National Post (National Edition)

YOUNGER HOUSEHOLDS WILL FEEL PINCH FROM HIGHER RATES.

- Andy Blatchford

OTTAWA • Younger, middleinco­me households will be among those that feel the biggest financial sting from the Bank of Canada’s gradual move toward higher interest rates, says a newly released federal analysis.

The Finance Department explored factors such as income, age and region in an effort to pinpoint the types of households that will be most affected by the central bank’s ongoing rate-hiking trajectory, which follows years of extremely low interest rates.

Officials put a particular focus on how rising rates will start to squeeze “highly indebted households,” which the document described as those already carrying debtto-income levels of at least 350 per cent.

Debt loads of this magnitude are held by 12 per cent of all Canadian households.
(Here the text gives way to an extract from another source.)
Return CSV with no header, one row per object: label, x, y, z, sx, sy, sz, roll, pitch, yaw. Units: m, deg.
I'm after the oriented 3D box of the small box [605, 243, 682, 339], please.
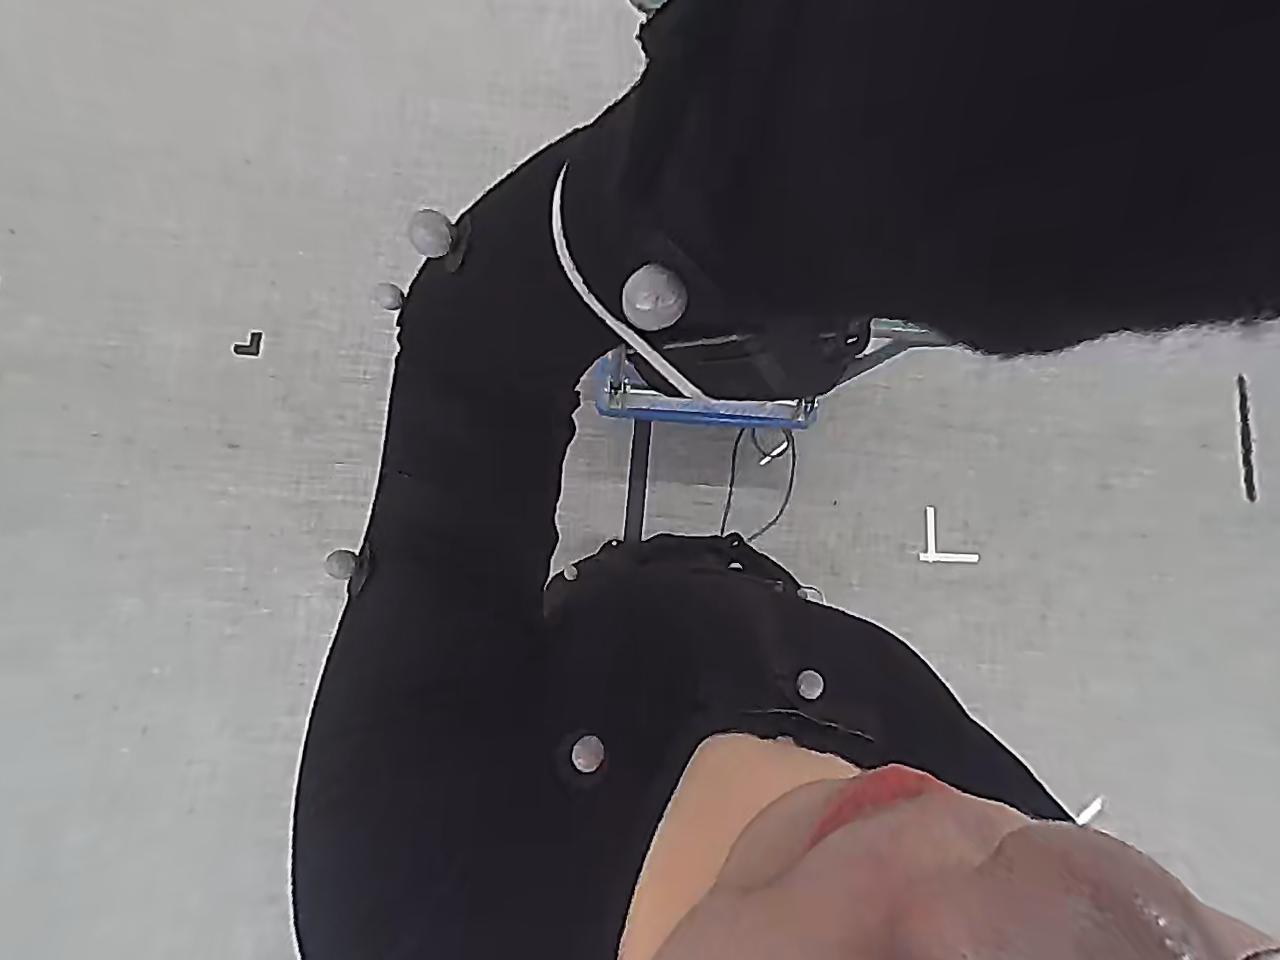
small box,0.004,-0.454,1.323,0.179,0.176,0.168,2,84,-4

Combined, the burdens concentrat­ed in this category account for nearly 50 per cent of the country’s total household debt, said the memo prepared for Finance Minister Bill Morneau last fall.

The document sought to answer another question: who are these stretched households?

They most likely consist of households led by middleinco­me earners, Canadians under 45 years of age, mortgage holders, the self-employed, and those in Ontario and British Columbia, the analysis said.

“The expected increase in interest rates over the next few years will have various impacts on Canadian households, including an increase in the cost of servicing debt,” said the document, which noted that about 70 per cent of households carry debt.

“Naturally, households with high debt levels would see the largest increases,” it added.

A closer look at the numbers showed that mortgages were the main factor for highly indebted households because they accounted for 85 per cent of their total debt burdens.

The briefing note pointed out that younger households are more likely to have higher debt because a larger share of older households have paid off their mortgages.

The analysis, obtained by The Canadian Press under the Access to Informatio­n Act, was based on 2012 numbers and was created in September 2017, shortly after a pair of Bank of Canada hikes.

The reasons for using 2012 data are blacked out.

In recent weeks, the central bank raised its trendsetti­ng interest rate for the fourth time in a year to bring the benchmark to 1.5 per cent — its highest level since December 2008, but still very low by historical standards.

Governor Stephen Poloz has signalled more rate increases will be necessary over time thanks to the economy’s resilience, but he has stressed the process will be gradual.